It's not all brilliant, though. The single function button isn't the easiest to operate in large gloves. It doesn't feel prominent enough so it can be easy to miss. In thinner gloves and with bare hands the button is easy to find.

You can, of course, just stop and take the light from the mount. It clips in and out pretty easily but it's still a two-handed job while you're riding. That may be too much time with your hands off the bar for some riders.

Exposure Link Plus light - clamp.jpg

If you're familiar with Exposure lights then you'll know how to operate the Link Plus. With the light off, you first hold the function button for two seconds. The light will then flash once, twice and then a third time. These flashes denote the high, medium and low brightness modes. Releasing the function button after the first flash selects the high mode, and this is the mode that I found most useful for daytime and early evening rides.

Initially, the memory function that should have instantly enabled my preferred flash mode wasn't working. But everything is working correctly now and getting set up is quick and easy. Just a quick double click of the function button and it's ready to go.

As this is a dual front and rear light, you've got quite a few (too many for me) options. And as it's a helmet-mounted light for being seen with – the front 150-lumen light isn't strong enough to see by – I went straight to the front and rear flash combination.
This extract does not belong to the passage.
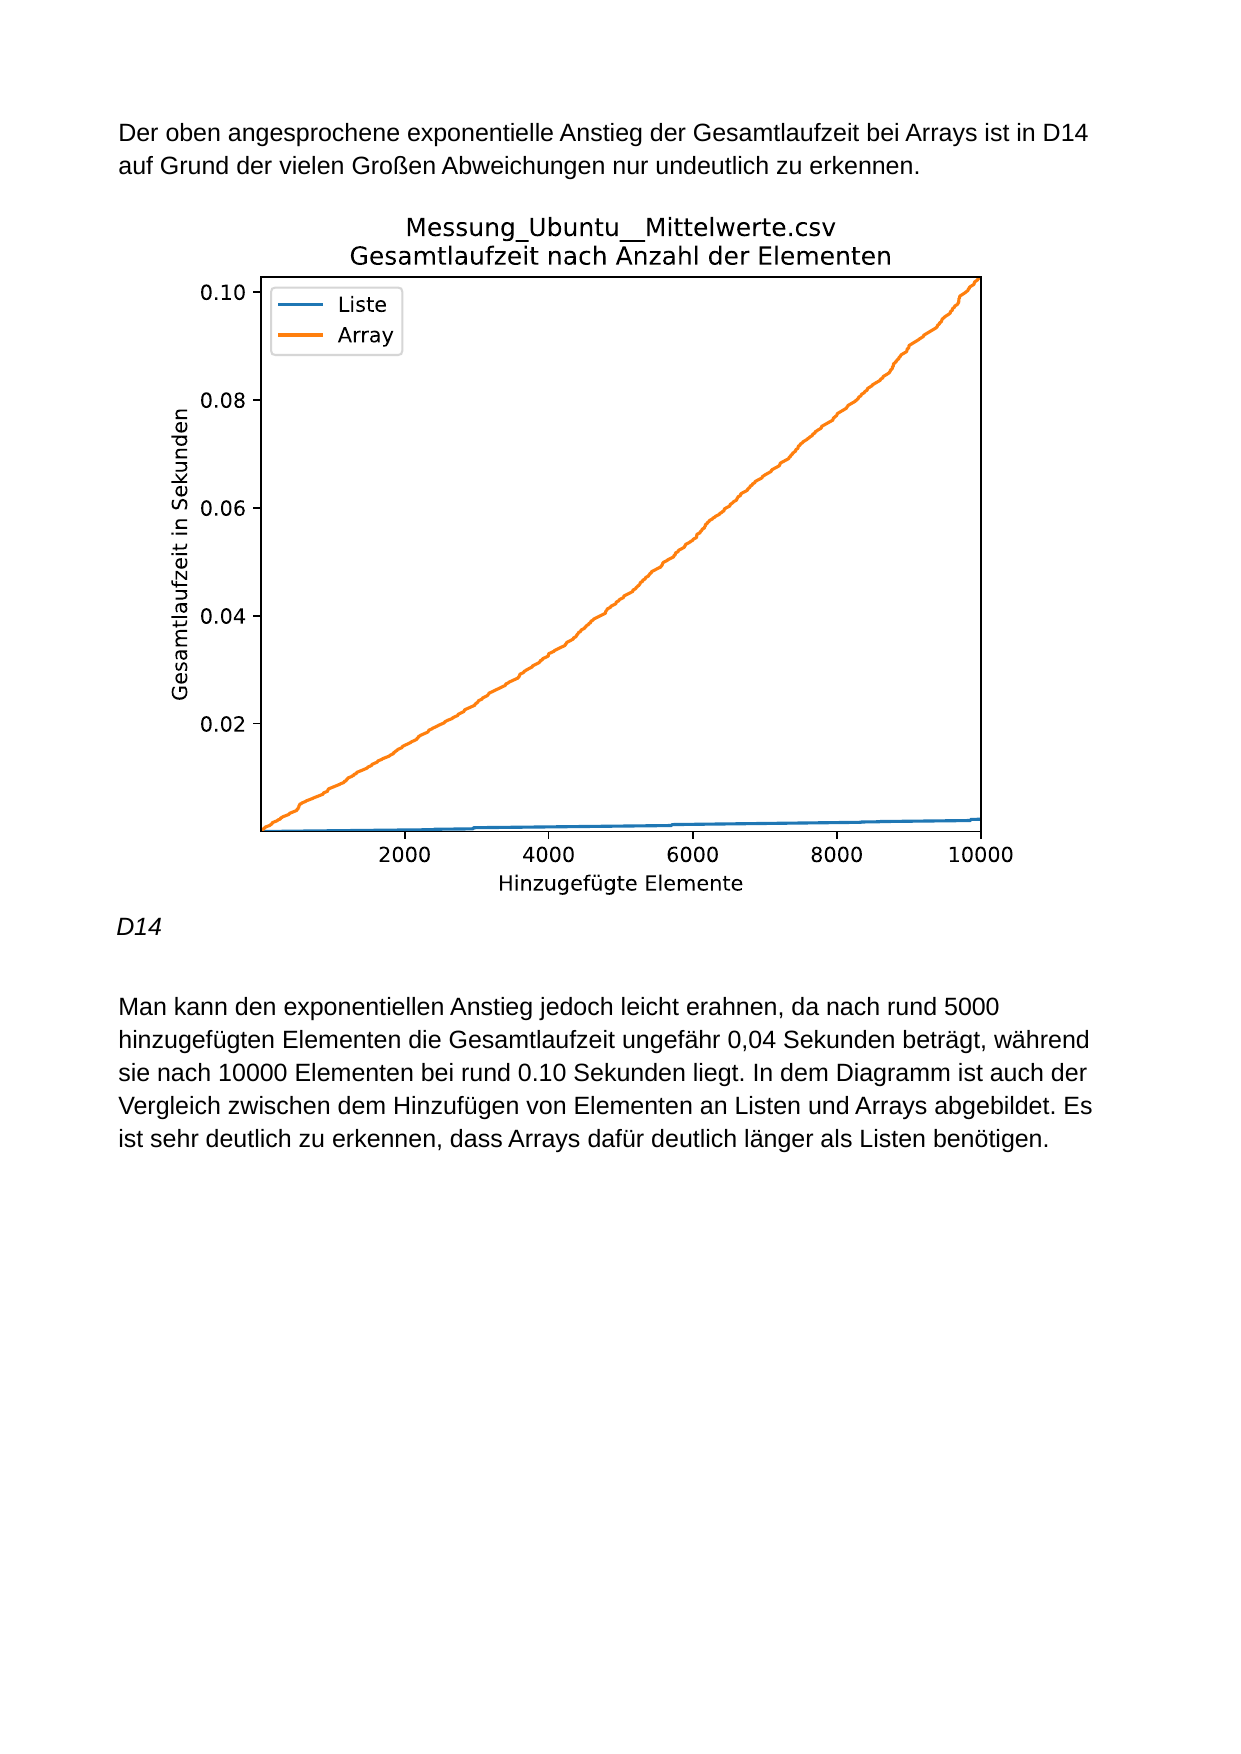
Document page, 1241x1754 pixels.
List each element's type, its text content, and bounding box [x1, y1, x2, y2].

text Der oben angesprochene exponentielle Anstieg der Gesamtlaufzeit bei Arrays ist in D14 auf Grund der vielen Großen Abweichungen nur undeutlich zu erkennen. [118, 118, 1122, 180]
text D14 [116, 202, 1077, 940]
text Man kann den exponentiellen Anstieg jedoch leicht erahnen, da nach rund 5000 hinzugefügten Elementen die Gesamtlaufzeit ungefähr 0,04 Sekunden beträgt, während sie nach 10000 Elementen bei rund 0.10 Sekunden liegt. In dem Diagramm ist auch der Vergleich zwischen dem Hinzufügen von Elementen an Listen und Arrays abgebildet. Es ist sehr deutlich zu erkennen, dass Arrays dafür deutlich länger als Listen benötigen. [118, 992, 1122, 1153]

This is the mode you'll get the Daybright rear light flash setting too. This kicks out a respectable 45 lumens which, although not the brightest I've used, does combine with the elevated mounting position to give very good visibility.
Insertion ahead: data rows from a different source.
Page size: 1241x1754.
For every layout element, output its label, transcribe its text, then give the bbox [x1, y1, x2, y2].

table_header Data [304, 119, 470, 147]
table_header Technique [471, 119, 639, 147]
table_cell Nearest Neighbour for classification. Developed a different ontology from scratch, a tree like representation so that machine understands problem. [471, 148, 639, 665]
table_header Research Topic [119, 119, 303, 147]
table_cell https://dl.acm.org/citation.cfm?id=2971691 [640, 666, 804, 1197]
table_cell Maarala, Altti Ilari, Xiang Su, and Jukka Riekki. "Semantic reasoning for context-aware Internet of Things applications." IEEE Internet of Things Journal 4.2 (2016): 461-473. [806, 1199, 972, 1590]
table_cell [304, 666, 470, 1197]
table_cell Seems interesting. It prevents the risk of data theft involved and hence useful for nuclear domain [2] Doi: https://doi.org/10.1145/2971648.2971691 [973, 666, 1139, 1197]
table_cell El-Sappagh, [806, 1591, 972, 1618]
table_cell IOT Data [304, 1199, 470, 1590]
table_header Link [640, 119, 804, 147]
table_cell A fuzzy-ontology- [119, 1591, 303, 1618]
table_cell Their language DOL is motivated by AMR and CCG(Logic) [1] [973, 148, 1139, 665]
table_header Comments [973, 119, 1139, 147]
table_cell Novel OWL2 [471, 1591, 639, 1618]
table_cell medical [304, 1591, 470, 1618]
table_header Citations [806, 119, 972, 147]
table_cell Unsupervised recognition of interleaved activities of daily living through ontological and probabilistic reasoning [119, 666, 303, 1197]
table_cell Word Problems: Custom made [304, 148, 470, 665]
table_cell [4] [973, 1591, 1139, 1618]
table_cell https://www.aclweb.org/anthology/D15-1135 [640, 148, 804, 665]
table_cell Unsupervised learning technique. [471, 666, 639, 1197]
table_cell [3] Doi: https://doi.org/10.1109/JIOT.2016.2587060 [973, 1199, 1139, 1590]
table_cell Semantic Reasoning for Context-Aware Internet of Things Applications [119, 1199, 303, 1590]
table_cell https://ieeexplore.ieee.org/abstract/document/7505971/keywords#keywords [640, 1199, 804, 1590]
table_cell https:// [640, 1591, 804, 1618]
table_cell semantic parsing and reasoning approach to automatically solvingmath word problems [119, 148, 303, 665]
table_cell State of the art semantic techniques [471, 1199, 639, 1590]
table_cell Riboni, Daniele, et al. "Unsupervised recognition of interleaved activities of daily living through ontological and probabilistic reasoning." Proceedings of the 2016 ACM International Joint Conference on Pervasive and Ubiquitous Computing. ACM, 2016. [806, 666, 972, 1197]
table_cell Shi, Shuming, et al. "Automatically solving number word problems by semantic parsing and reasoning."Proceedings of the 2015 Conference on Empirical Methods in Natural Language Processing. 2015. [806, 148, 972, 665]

> Buyer's Guide: 17 of the best rear lights for cycling

Should you be heading out in the autumn and winter after work or in particularly bleak weather then I'd still recommend running a brighter main rear light on constant. You'll certainly need a more powerful front light for seeing with on unlit roads.
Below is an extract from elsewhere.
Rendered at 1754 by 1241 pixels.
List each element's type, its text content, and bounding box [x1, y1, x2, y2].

The rear light is angled so that it points roughly level when you're wearing your helmet. When looking straight ahead, the rear light is easily visible to anything behind you, though a few riding friends did point out that the visibility is reduced when looking to the side and it completely goes once your head is tilted down.

In the high program mode that I selected, the burn-time is 6hrs. For me, this is plenty for a week of commutes or a couple of mid-week rides after work. You get a coloured light when you switch the light off that tells you the remaining charge level. I took amber (50%-25% left) as the cue to recharge. Green indicates 100%-50%, red is 25%-5% and a red flash is less than 5%.

Charging takes around 7 hours from flat, and I was easily able to do this at my desk between morning and evening rides. The same light will illuminate solid green to show the light has recharged to 95%.

> Buyer's Guide: The best 2019/2020 front lights for cycling

At £85, this isn't a cheap solution to extra visibility. Cateye's Volt 400 is a bit cheaper at £69.99 and that kicks out 250 lumens for the rear light and 400 lumens for the front. That can also be attached to the handlebar, improving your mounting options. Thankfully, for your money, you do get the usual Exposure build quality.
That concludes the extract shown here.